Yang perlu diingat adalah: penularan HIV/AIDS melalui hubungan seksual (seks penertrasi vaginal dan anal) bukan karena sifat hubungan seksual, tapi kondisi saat terjadi hubungan seksual (salah satu atau keduanya mengidap HIV/AIDS dan laki-laki tidak memakai kondom). Ini fakta!
Kalau sepasang gay HIV-negatif tidak akan pernah terjadi penularan HIV biarpun yang menganal tidak pakai kondom.
Disebutkan penularan HIV/AIDS karena faktor risiko LGBT, lalu bagaimana dengan pasangan suami-istri yg melakukan perilaku seks LGBT? Misalnya, seks oral dan anal serta posisi '69'.

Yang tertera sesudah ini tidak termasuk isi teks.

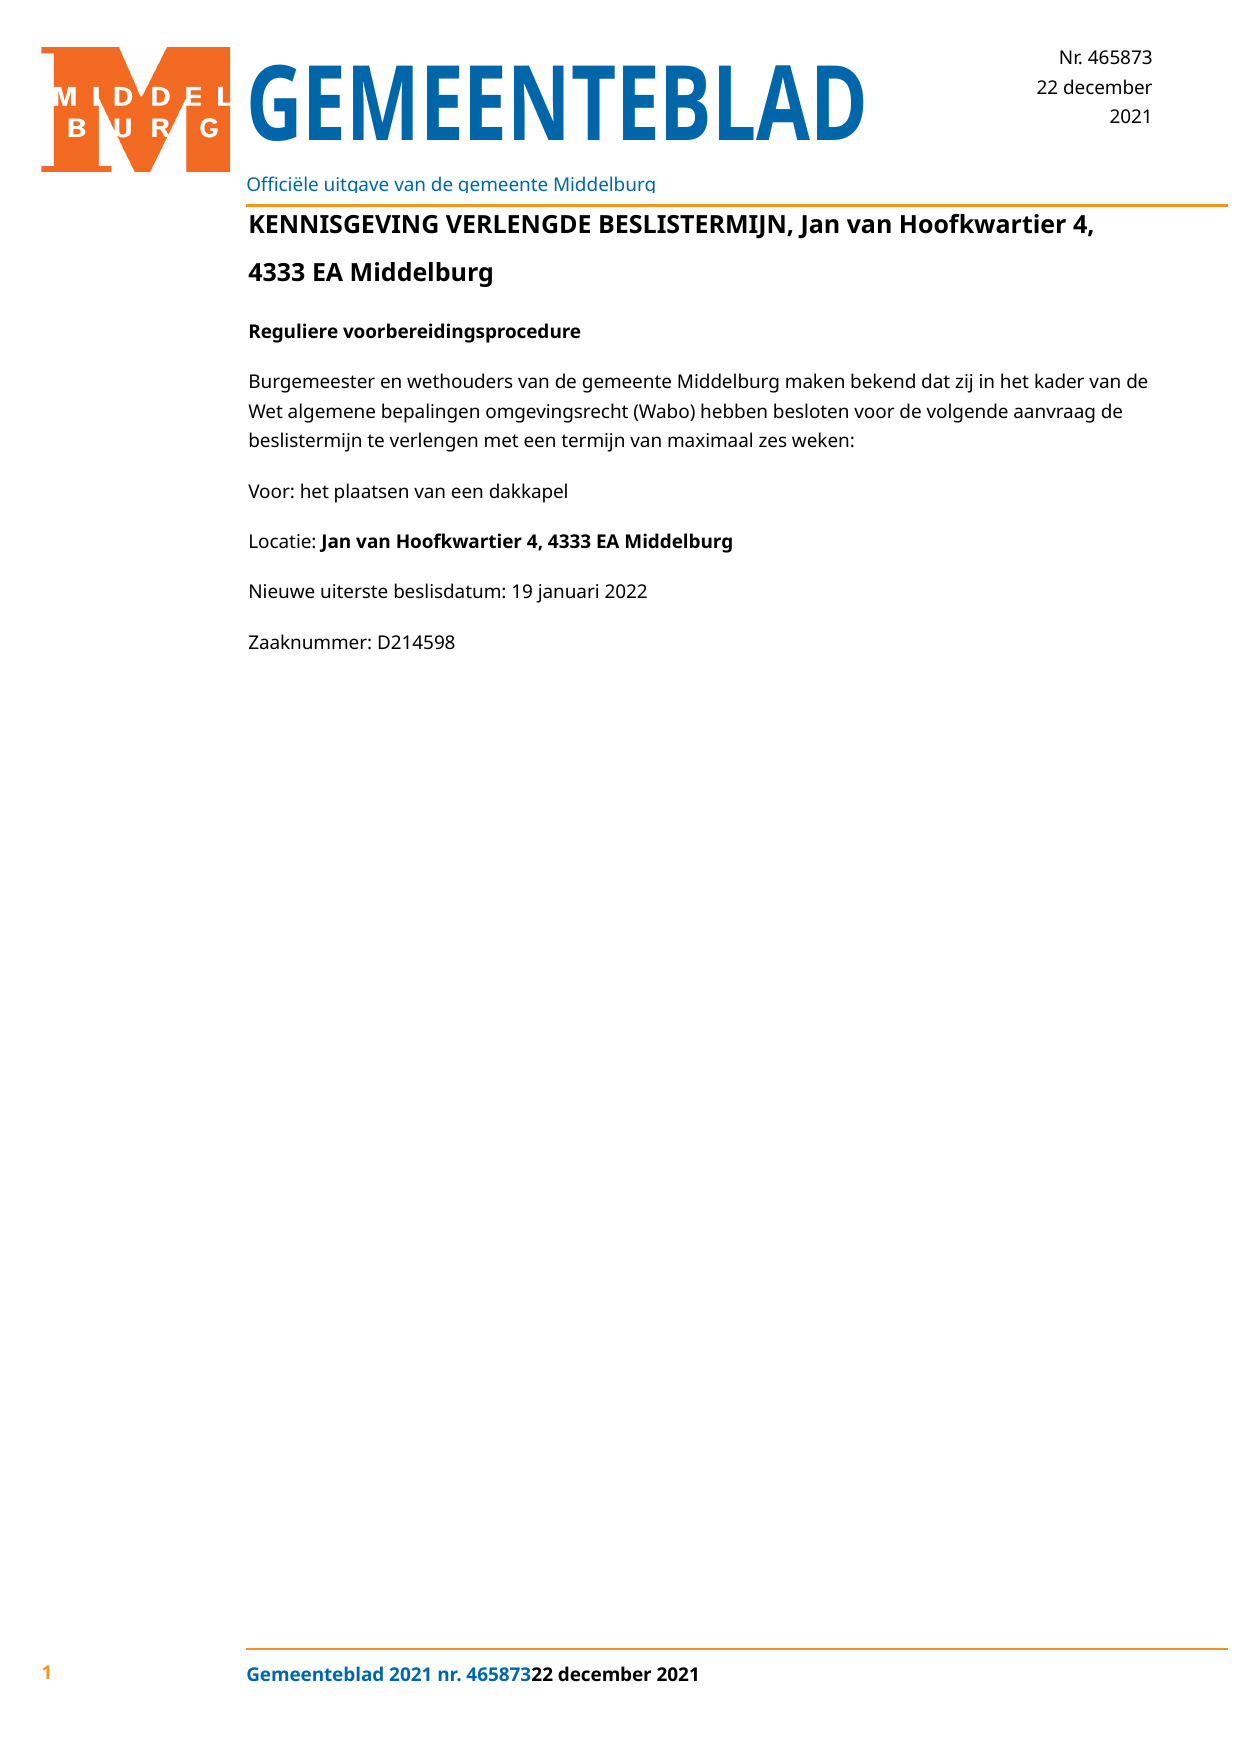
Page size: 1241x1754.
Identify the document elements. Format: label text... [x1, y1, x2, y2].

text Voor: het plaatsen van een dakkapel [248, 478, 1152, 504]
text Zaaknummer: D214598 [248, 629, 1152, 655]
picture [41, 47, 231, 172]
text Nieuwe uiterste beslisdatum: 19 januari 2022 [248, 579, 1152, 604]
text Burgemeester en wethouders van de gemeente Middelburg maken bekend dat zij in het kader van de Wet algemene bepalingen omgevingsrecht (Wabo) hebben besloten voor de volgende aanvraag de beslistermijn te verlengen met een termijn van maximaal zes weken: [248, 368, 1152, 453]
text KENNISGEVING VERLENGDE BESLISTERMIJN, Jan van Hoofkwartier 4, 4333 EA Middelburg [248, 207, 1152, 288]
text Reguliere voorbereidingsprocedure [248, 318, 1152, 344]
text Locatie: Jan van Hoofkwartier 4, 4333 EA Middelburg [248, 528, 1152, 554]
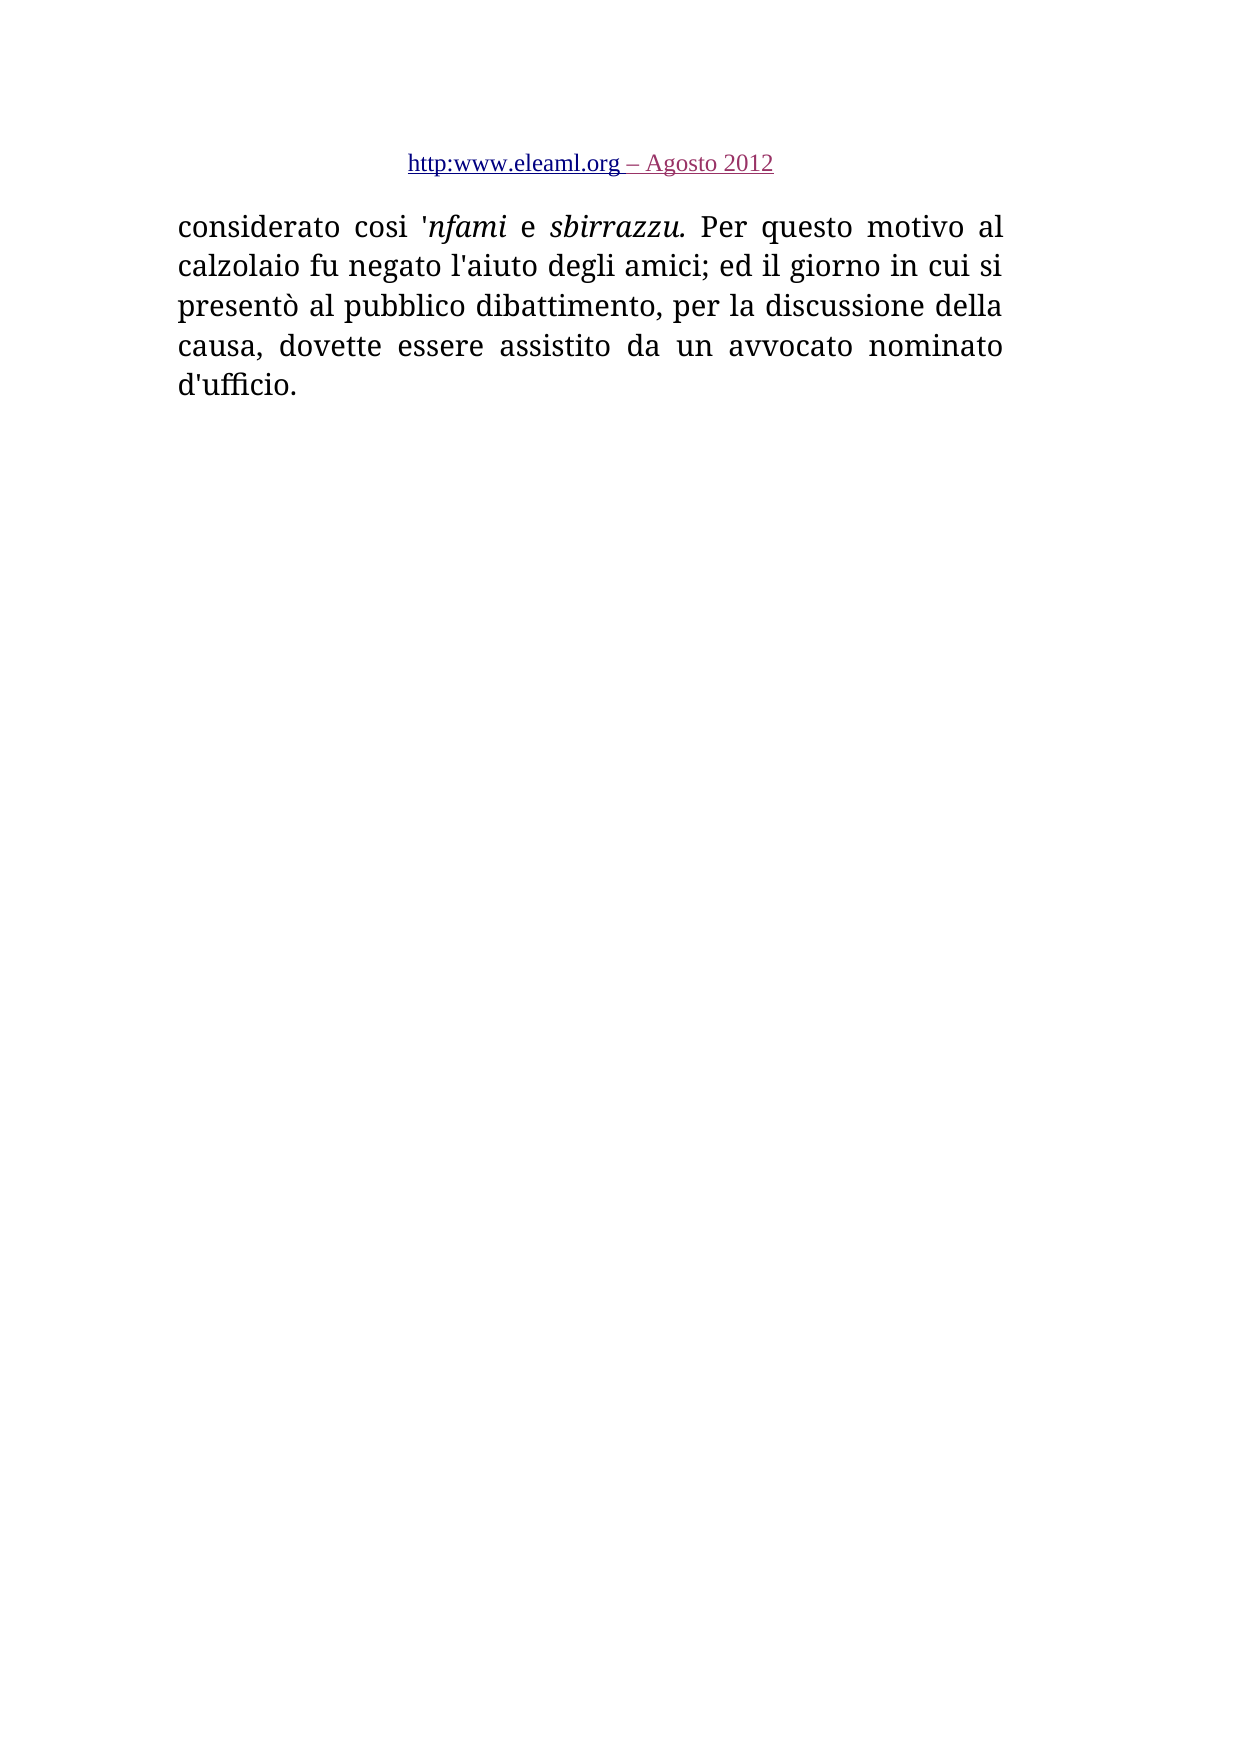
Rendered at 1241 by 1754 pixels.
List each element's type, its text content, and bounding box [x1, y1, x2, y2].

Jika memakai patokan pada pernyataan dalam berita ini, maka pasangan suami-istri yang sah menurut agama dan hukum akan tertular HIV/AIDS jika melalukan faktor risiko LGBT.
Disebutkan dalam berita: Jumlah tersebut baru berdasarkan temuan kasus HIV, sementara masih banyak perilaku LGBT yang belum teridentifikasi, terutama di kalangan remaja.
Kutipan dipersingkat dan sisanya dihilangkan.